How many lines in the material contain the string "lightlight"? Only the number is wanted.

[Input Boundary: Start]

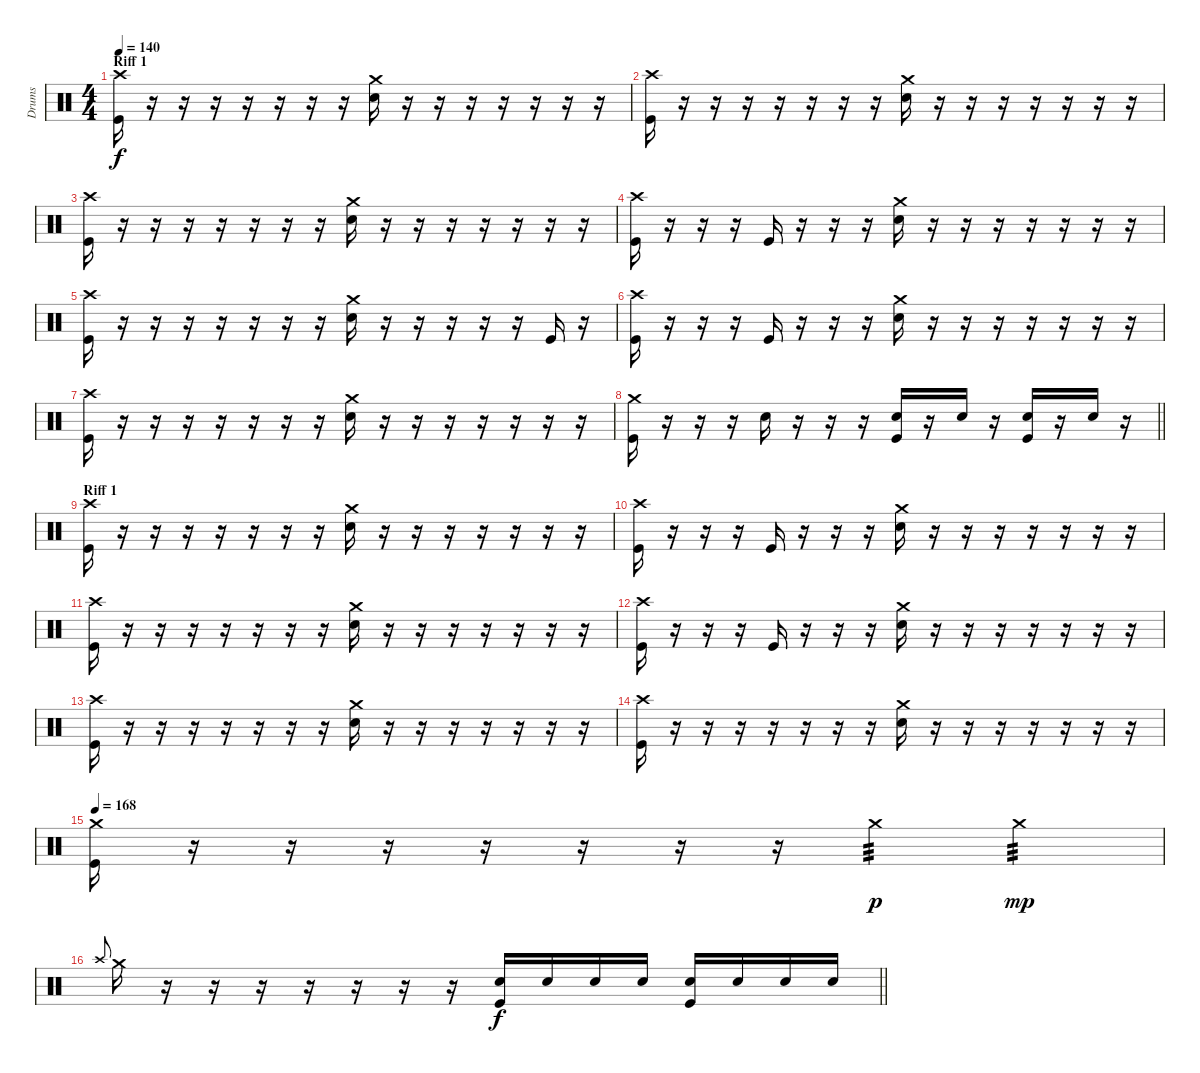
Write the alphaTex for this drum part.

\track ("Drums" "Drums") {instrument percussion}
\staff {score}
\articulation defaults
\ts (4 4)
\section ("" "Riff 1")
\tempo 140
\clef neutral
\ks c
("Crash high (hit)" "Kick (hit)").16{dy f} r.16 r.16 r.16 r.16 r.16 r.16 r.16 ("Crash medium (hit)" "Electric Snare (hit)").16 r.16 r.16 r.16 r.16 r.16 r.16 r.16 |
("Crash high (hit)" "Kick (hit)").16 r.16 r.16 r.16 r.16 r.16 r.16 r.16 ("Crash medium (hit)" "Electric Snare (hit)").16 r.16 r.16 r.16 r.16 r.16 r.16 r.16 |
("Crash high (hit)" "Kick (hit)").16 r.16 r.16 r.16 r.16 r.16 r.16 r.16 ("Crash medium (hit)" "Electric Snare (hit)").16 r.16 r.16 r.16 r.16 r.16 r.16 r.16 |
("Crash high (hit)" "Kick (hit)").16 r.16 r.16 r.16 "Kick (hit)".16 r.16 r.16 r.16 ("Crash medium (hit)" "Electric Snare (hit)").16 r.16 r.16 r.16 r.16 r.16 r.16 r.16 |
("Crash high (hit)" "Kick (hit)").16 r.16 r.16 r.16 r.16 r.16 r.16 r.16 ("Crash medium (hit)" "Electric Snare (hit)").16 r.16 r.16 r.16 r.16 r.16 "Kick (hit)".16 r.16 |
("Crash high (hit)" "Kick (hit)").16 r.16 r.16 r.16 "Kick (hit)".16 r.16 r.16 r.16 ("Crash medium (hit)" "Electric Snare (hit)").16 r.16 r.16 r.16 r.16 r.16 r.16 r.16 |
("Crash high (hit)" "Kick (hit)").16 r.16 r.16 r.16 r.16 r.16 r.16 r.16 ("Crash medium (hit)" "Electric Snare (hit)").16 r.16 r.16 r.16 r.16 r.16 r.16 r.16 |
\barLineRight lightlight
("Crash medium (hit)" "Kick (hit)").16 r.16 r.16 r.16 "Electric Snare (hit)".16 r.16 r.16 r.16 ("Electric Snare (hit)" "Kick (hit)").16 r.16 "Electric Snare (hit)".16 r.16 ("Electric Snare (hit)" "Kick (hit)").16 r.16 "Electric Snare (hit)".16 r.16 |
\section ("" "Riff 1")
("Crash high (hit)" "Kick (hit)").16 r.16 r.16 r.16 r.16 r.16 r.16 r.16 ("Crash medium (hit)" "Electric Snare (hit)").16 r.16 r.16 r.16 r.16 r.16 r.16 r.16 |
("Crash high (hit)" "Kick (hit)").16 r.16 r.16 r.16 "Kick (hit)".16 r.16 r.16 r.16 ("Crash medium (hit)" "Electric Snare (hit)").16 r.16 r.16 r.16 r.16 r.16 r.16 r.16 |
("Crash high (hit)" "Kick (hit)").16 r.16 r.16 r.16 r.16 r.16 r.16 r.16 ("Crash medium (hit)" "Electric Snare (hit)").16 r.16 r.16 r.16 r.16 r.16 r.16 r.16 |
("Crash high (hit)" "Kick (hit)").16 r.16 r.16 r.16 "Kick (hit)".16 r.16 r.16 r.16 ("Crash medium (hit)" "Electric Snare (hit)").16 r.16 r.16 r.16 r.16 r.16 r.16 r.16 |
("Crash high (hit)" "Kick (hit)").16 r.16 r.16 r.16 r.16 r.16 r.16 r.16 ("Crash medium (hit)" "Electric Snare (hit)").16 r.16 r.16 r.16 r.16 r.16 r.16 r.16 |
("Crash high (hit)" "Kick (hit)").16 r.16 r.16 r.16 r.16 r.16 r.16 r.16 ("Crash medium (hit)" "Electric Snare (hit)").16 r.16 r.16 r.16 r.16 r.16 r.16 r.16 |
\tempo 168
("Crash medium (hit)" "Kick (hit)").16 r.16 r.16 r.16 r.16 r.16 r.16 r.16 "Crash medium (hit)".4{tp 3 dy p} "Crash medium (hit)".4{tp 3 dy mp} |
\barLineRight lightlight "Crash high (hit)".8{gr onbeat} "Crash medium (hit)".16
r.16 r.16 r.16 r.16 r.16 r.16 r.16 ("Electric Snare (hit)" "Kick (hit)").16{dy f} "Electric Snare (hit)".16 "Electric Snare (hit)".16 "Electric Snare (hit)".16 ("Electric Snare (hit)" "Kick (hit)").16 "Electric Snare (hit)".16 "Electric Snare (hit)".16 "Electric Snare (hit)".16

[Input Boundary: End]

- Solution for this task: 2